With I Hope We Can Still Be Friends, his debut for Saddle Creek, Dean Johnson makes a pact
with the listener: He will sing you his truth in the most heartfelt and charming way possible, if
you promise to keep an open mind.
The title partly stems from the playful way the Seattle-based singer, songwriter and guitarist
communes with his audiences at concerts. “I hope you’re not afraid to talk to me after the show,”
he’ll say, sweetly, before launching into “Death of the Party,” the album’s seventh song.
Centered on the “energy vampire” archetype — the exasperating windbag we’ve all
encountered at some point — its lyrics are at once intellectually biting and unmistakably
hilarious. His tender voice rings out like the ghost of Roy Orbison or a misfit Everly brother.
“Words don’t come easily to me / I notice you don’t have that problem / It sounds to me you
cannot stop them,” Johnson sings over acoustic guitar strumming, and gentle bass and drums,
like the narrator in a dark comedy whose coming-of-age misadventures have made for an
excellent film.
Johnson spent years tending bar at Al’s Tavern in Seattle’s Wallingford neighborhood. There,
he encountered folks of all stripes; and regulars enthusiastically murmured about his budding
musical greatness — There’s the best songwriter in town! Johnson was a kind of local lore, a
long-held family secret, before the singer finally broke out in 2023 with his debut album, Nothing
For Me Please, at age 50.
“‘Death of the Party’ is a great example of that,” he says of the sociological experience of
bartending. “Being in that environment, lyrics did solidify. If I was working on a song, it wasn’t
unusual for some new aspect of it, or a line that was too vague, to suddenly come into focus.”

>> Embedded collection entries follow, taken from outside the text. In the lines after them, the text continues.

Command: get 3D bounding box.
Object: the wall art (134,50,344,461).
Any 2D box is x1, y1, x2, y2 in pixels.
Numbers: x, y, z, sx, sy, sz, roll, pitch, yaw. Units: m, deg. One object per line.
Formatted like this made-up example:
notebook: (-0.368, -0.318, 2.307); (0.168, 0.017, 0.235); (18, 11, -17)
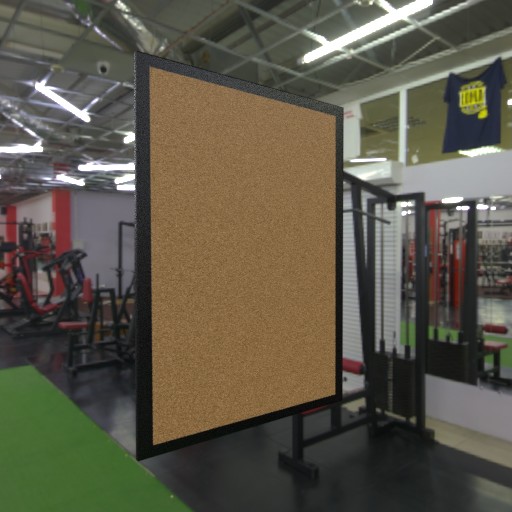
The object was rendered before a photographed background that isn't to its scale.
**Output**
wall art: (0.000, 0.000, 1.258); (0.707, 0.967, 0.013); (-1, 1, -37)
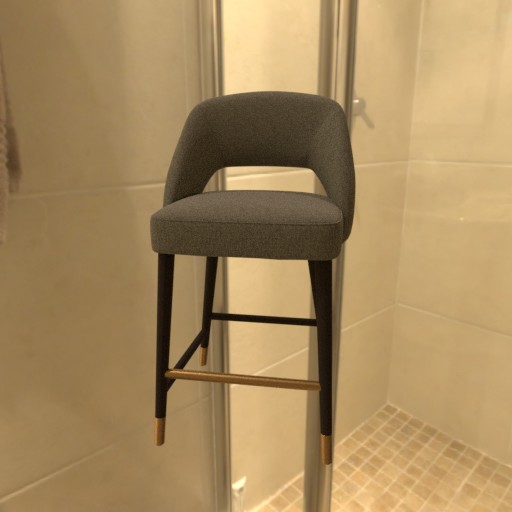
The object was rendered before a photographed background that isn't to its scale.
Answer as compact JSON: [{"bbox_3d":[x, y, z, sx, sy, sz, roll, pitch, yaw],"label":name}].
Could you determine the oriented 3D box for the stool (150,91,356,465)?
[{"bbox_3d":[0.000,0.000,1.263,0.536,0.925,0.524,2,16,9],"label":"stool"}]

I Hope We Can Still Be Friends is essentially an anthology that bridges Johnson’s earliest days
as a songwriter with his present-day outlook and abilities. There are songs that have been in his
setlists for years, and others that will be new to fans. Each of its 11 tracks contains jocular social
commentary or lovingly rendered affairs of the heart. The album’s songs about love and
relationships offer another way to interpret its title: as a parting thought to an ex.
Like all of Johnson’s cable-knit writing, the title is a clever banner for the album’s dual nature,
the thing that binds its tragedy and comedy masks. Johnson explains that he didn’t set out to
make a concept album. It’s a coincidence that about half of the album’s songs are a bit
sardonic, and the other half are more lighthearted. The singer playfully refers to the former as
his “mean” songs, which is why the album’s back cover is adorned with a warning that says
“Beware of Dean.”
Like John Prine or Kris Kristofferson’s country-adjacent sound, devastating humor and
economical profundity refracted through a barroom’s haze, the album is filled with easygoing
twang, sad characters, universal truths and the absurdity of everyday life. “Carol” recounts the
numb consumption and dissipating cultural attention that is besieging America. There’s a search
for optimism amid meditations on dying in a plane crash in “Before You Hit the Ground.”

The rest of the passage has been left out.